Preferably, a diluted cleaning solution includes from about 0.05% to about 0.2% by weight of the basic compounds, from about 0.002% to about 0.1 % by weight of one or more organic acid compounds, and about 0.004% to about 0.1% by weight of one or more inhibitor compounds in deionized water.

In one exemplary embodiment, a cleaning solution includes about 3% by weight of TMAH, about 6% by weight of isopropanolamine, about 2% by weight of salicylic acid, and about 1 % by weight of mercaptopropionic acid in deionized water. This solution can be diluted about 60 times to a final concentration of about 0.05% by weight of TMAH, about 0.10% isopropanolamine, about 0.033% by weight of salicylic acid, and about 0.0167% by weight of mercaptopropionic acid in deionized water.

In another exemplary embodiment, a cleaning solution includes about 6% by weight of isopropanolamine, about 5% by weight of (aminoethylamino) ethanol, about 4% by weight of ascorbic acid, and about 1.5% by weight of salicylic acid in deionized water. This solution can be diluted about 60 times to a final concentration of about 0.1 % by weight of isopropanolamine, about 0.0833% by weight of (aminoethylamino) ethanol, about 0.067% by weight of ascorbic acid, and about 0.025% by weight of salicylic acid in deionized water.

The cleaning solutions described above can be prepared by mixing or combining the basic compounds, one or more organic acid compounds and one or more inhibitor compounds in deionized water in any suitable manner so as to form a generally homogenous mixture of the compounds in the cleaning solution. The cleaning solution chemistry is further prepared such that the pH of the cleaning solution is preferably within a range from about 7 to about 12. For example, for cleaning solutions that do not include TMAH, a suitable cleaning chemistry can be prepared such that the pH of the cleaning solution is in the range from about 7 to about 11 , preferably from about 9 to about 10.5. When TMAH is provided as one of the basic compounds in the cleaning solution, the solution chemistry can be prepared such that the pH of the cleaning solution is in the range from about 11 to about 12.
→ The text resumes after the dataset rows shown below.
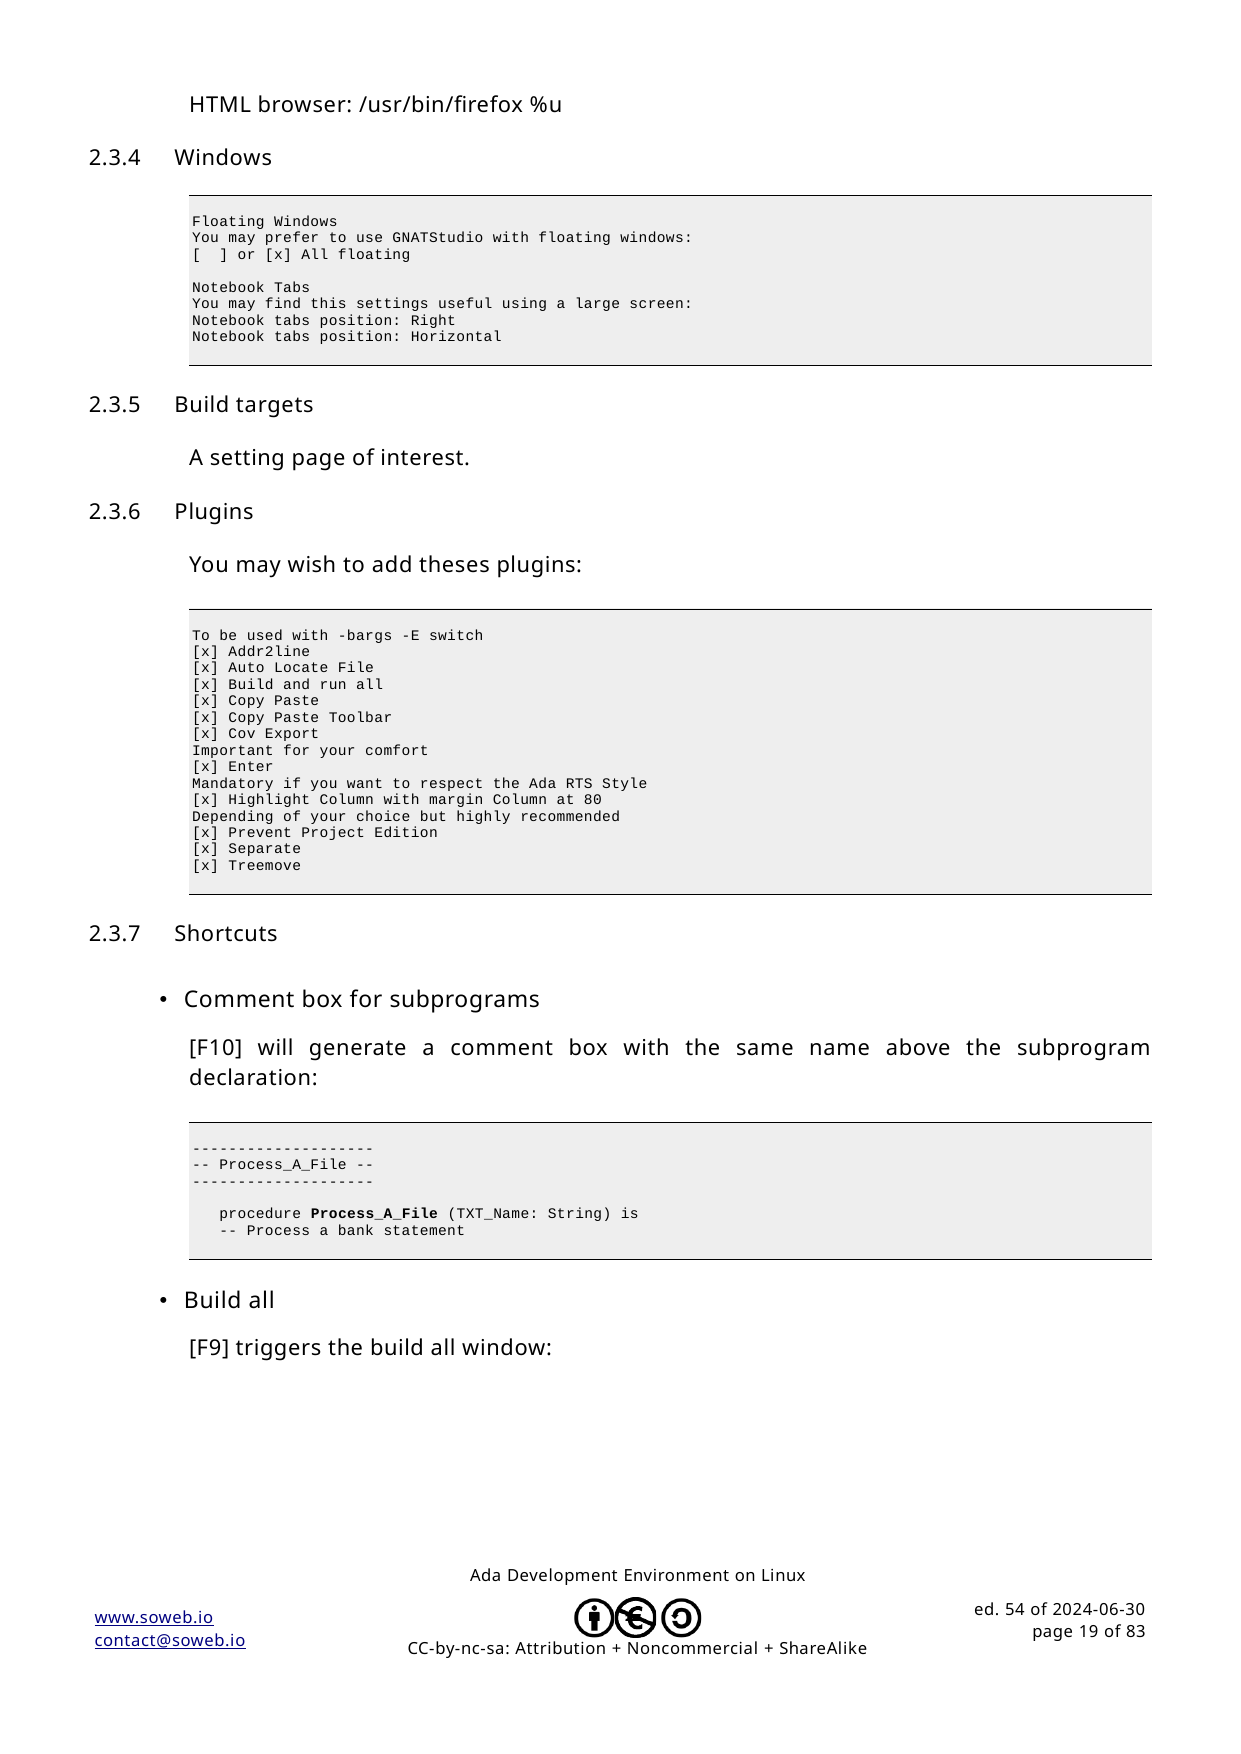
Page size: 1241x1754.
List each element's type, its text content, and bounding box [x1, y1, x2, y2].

list [x] Cov Export [189, 724, 1152, 740]
text [F9] triggers the build all window: [189, 1332, 1152, 1362]
list To be used with -bargs -E switch [189, 610, 1152, 641]
list Mandatory if you want to respect the Ada RTS Style [189, 773, 1152, 789]
subtitle Plugins [88, 496, 1152, 537]
subtitle Comment box for subprograms [159, 983, 1152, 1014]
list -- Process_A_File -- [189, 1154, 1152, 1171]
picture [660, 1597, 702, 1638]
subtitle Shortcuts [88, 918, 1152, 959]
subtitle Windows [88, 142, 1152, 183]
list [x] Enter [189, 757, 1152, 773]
list Notebook tabs position: Right [189, 310, 1152, 327]
list -------------------- procedure Process_A_File (TXT_Name: String) is [189, 1171, 1152, 1220]
list [x] Auto Locate File [189, 658, 1152, 674]
subtitle Build all [159, 1283, 1152, 1314]
text A setting page of interest. [189, 442, 1152, 472]
list Floating Windows [189, 196, 1152, 228]
list Important for your comfort [189, 740, 1152, 757]
list You may prefer to use GNATStudio with floating windows: [189, 228, 1152, 244]
list [x] Copy Paste [189, 691, 1152, 707]
list [x] Highlight Column with margin Column at 80 [189, 789, 1152, 806]
list [x] Separate [189, 839, 1152, 855]
list -------------------- [189, 1123, 1152, 1154]
list [x] Build and run all [189, 674, 1152, 691]
text HTML browser: /usr/bin/firefox %u [189, 88, 1152, 118]
list [x] Prevent Project Edition [189, 822, 1152, 839]
text You may wish to add theses plugins: [189, 548, 1152, 578]
list [x] Addr2line [189, 641, 1152, 658]
list -- Process a bank statement [189, 1220, 1152, 1259]
picture [573, 1597, 657, 1638]
list You may find this settings useful using a large screen: [189, 294, 1152, 310]
list [x] Copy Paste Toolbar [189, 707, 1152, 724]
list [ ] or [x] All floating [189, 244, 1152, 261]
subtitle Build targets [88, 389, 1152, 430]
list Notebook tabs position: Horizontal [189, 327, 1152, 365]
list Notebook Tabs [189, 277, 1152, 294]
list Depending of your choice but highly recommended [189, 806, 1152, 822]
text [F10] will generate a comment box with the same name above the subprogram declaration: [189, 1032, 1152, 1092]
list [x] Treemove [189, 855, 1152, 894]

Upon obtaining the desired concentration for a cleaning solution (e.g., by appropriate dilution with deionized water from initial concentrations to desired cleaning concentrations), a cleaning solution is applied in any conventional or other suitable manner to the surface of a substrate. In an exemplary

embodiment, a semiconductor wafer is provided with active regions formed in the wafer and with copper interconnects that are deposited in etched lines along the wafer and connect with the active regions. The wafer surface has been planarized using a CMP process. A cleaning solution having a suitable chemistry as described above is then applied to contact the wafer surface in a post-CMP cleaning process. The contacting of the cleaning solution with the wafer surface can be performed, for example, by brushing or scrubbing the wafer surface with the cleaning solution, by spraying the cleaning solution onto the wafer surface, by immersing or soaking portions of the wafer in a tank of the cleaning solution, and combinations thereof.
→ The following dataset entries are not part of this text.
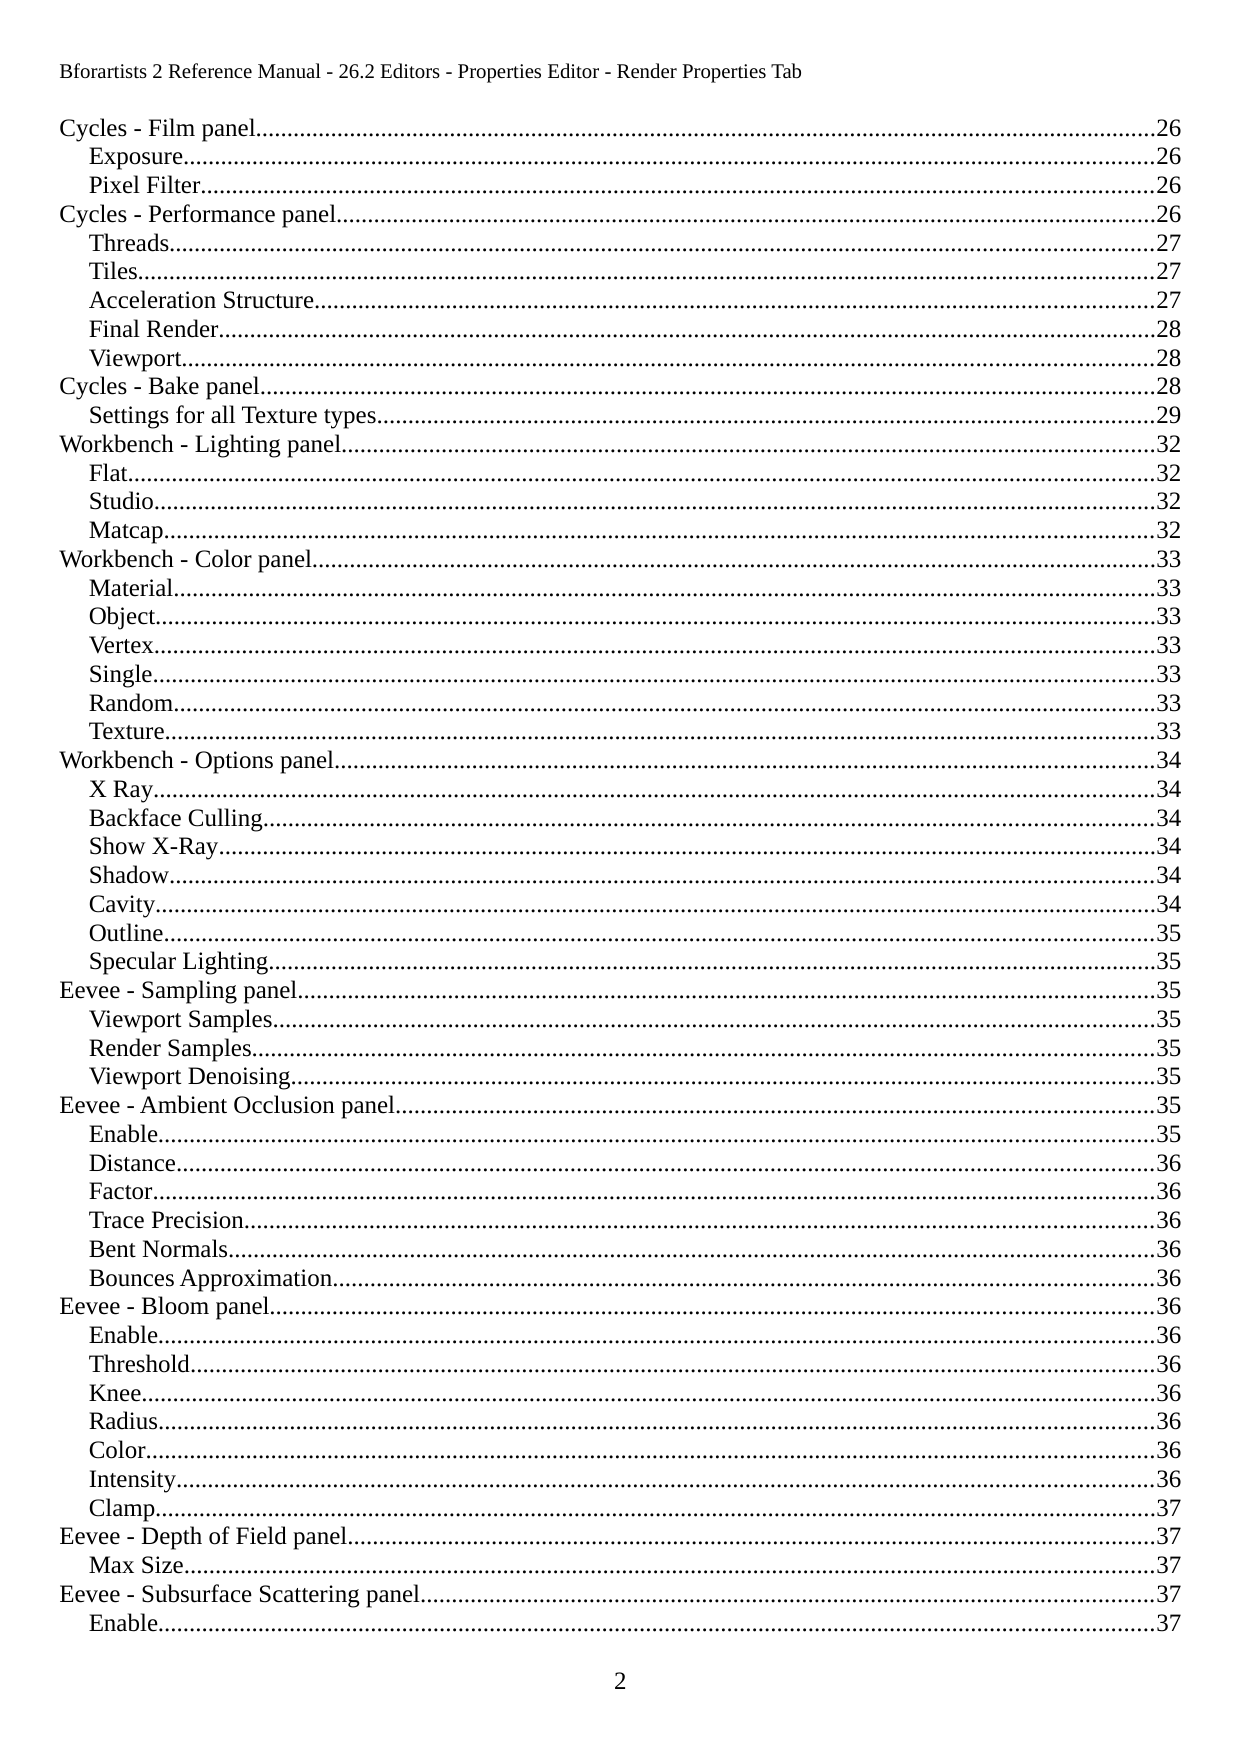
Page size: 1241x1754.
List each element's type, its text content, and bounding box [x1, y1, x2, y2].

text Viewport 28 [88, 343, 1181, 371]
text Specular Lighting 35 [88, 946, 1181, 975]
text Texture 33 [88, 716, 1181, 745]
text Eevee - Bloom panel 36 [59, 1291, 1181, 1320]
text Eevee - Sampling panel 35 [59, 975, 1181, 1004]
text Threshold 36 [88, 1349, 1181, 1378]
text Color 36 [88, 1435, 1181, 1464]
text Eevee - Ambient Occlusion panel 35 [59, 1090, 1181, 1119]
text Studio 32 [88, 486, 1181, 515]
text Vertex 33 [88, 630, 1181, 659]
text Settings for all Texture types 29 [88, 400, 1181, 429]
text Eevee - Subsurface Scattering panel 37 [59, 1579, 1181, 1608]
text Enable 37 [88, 1608, 1181, 1636]
text Viewport Samples 35 [88, 1004, 1181, 1033]
text Acceleration Structure 27 [88, 285, 1181, 314]
text Eevee - Depth of Field panel 37 [59, 1521, 1181, 1550]
text Outline 35 [88, 918, 1181, 946]
text Trace Precision 36 [88, 1205, 1181, 1234]
text Distance 36 [88, 1148, 1181, 1176]
text Cycles - Film panel 26 [59, 113, 1181, 141]
text Cycles - Bake panel 28 [59, 371, 1181, 400]
text Radius 36 [88, 1406, 1181, 1435]
text Single 33 [88, 659, 1181, 688]
text Workbench - Lighting panel 32 [59, 429, 1181, 458]
text Clamp 37 [88, 1493, 1181, 1521]
text Material 33 [88, 573, 1181, 601]
text Max Size 37 [88, 1550, 1181, 1579]
text Enable 35 [88, 1119, 1181, 1148]
text Pixel Filter 26 [88, 170, 1181, 199]
text Shadow 34 [88, 860, 1181, 889]
text Matcap 32 [88, 515, 1181, 544]
text Workbench - Color panel 33 [59, 544, 1181, 573]
text Intensity 36 [88, 1464, 1181, 1493]
text Threads 27 [88, 228, 1181, 256]
text Viewport Denoising 35 [88, 1061, 1181, 1090]
text Object 33 [88, 601, 1181, 630]
text Workbench - Options panel 34 [59, 745, 1181, 774]
text Enable 36 [88, 1320, 1181, 1349]
text Knee 36 [88, 1378, 1181, 1406]
text Bounces Approximation 36 [88, 1263, 1181, 1291]
text Random 33 [88, 688, 1181, 716]
text Flat 32 [88, 458, 1181, 486]
text Backface Culling 34 [88, 803, 1181, 831]
text Final Render 28 [88, 314, 1181, 343]
text Exposure 26 [88, 141, 1181, 170]
text Bent Normals 36 [88, 1234, 1181, 1263]
text Tiles 27 [88, 256, 1181, 285]
text Cavity 34 [88, 889, 1181, 918]
text Cycles - Performance panel 26 [59, 199, 1181, 228]
text Show X-Ray 34 [88, 831, 1181, 860]
text X Ray 34 [88, 774, 1181, 803]
text Render Samples 35 [88, 1033, 1181, 1061]
text Factor 36 [88, 1176, 1181, 1205]

The cleaning solutions described above are very effective in removing metal, organic and/or other residues from a substrate surface during post CMP cleaning processes while protecting the substrate from surface corrosion. In addition, the cleaning solutions described above that avoid the use of TMAH provide safer and more environmentally acceptable chemistries.
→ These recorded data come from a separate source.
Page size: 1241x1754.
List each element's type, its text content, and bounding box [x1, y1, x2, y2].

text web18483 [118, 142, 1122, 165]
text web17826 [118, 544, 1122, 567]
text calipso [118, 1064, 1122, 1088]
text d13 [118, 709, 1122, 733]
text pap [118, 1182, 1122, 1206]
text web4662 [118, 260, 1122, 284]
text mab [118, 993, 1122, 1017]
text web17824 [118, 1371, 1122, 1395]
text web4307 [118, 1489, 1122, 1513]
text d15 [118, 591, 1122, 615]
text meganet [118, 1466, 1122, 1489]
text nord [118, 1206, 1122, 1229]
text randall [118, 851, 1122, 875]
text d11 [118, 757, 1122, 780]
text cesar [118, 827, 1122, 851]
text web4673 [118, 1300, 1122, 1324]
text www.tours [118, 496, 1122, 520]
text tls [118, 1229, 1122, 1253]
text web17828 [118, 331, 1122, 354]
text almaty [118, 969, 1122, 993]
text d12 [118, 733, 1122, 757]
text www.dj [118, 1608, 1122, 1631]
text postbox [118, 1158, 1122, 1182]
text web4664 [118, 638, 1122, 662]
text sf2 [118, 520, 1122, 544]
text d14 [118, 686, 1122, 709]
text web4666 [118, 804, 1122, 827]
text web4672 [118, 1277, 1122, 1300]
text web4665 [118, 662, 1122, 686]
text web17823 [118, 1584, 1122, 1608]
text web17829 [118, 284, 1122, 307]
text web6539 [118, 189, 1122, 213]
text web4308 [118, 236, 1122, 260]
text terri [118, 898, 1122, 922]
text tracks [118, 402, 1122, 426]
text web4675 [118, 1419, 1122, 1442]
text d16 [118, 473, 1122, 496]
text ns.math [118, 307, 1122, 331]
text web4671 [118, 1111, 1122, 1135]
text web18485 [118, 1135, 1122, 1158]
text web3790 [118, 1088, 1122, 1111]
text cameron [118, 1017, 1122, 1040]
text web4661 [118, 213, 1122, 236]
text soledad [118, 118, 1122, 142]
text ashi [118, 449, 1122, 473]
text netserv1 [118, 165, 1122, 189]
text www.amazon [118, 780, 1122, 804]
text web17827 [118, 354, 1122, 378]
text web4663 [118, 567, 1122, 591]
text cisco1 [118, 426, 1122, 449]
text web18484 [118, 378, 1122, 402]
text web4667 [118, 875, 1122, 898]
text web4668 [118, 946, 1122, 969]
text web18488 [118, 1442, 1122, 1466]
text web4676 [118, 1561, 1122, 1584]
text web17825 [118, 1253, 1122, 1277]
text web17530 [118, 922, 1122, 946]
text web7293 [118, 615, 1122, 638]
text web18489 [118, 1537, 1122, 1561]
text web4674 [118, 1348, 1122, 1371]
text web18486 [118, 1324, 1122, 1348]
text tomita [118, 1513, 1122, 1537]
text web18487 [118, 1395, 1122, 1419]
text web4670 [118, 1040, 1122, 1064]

Having described novel alkaline solutions for post CMP cleaning processes and corresponding methods for cleaning semiconductor component surfaces with such solutions, it is believed that other modifications, variations and changes will be suggested to those skilled in the art in view of the teachings set forth herein. It is therefore to be understood that all such variations, modifications and changes are believed to fall within the scope as defined by the appended claims.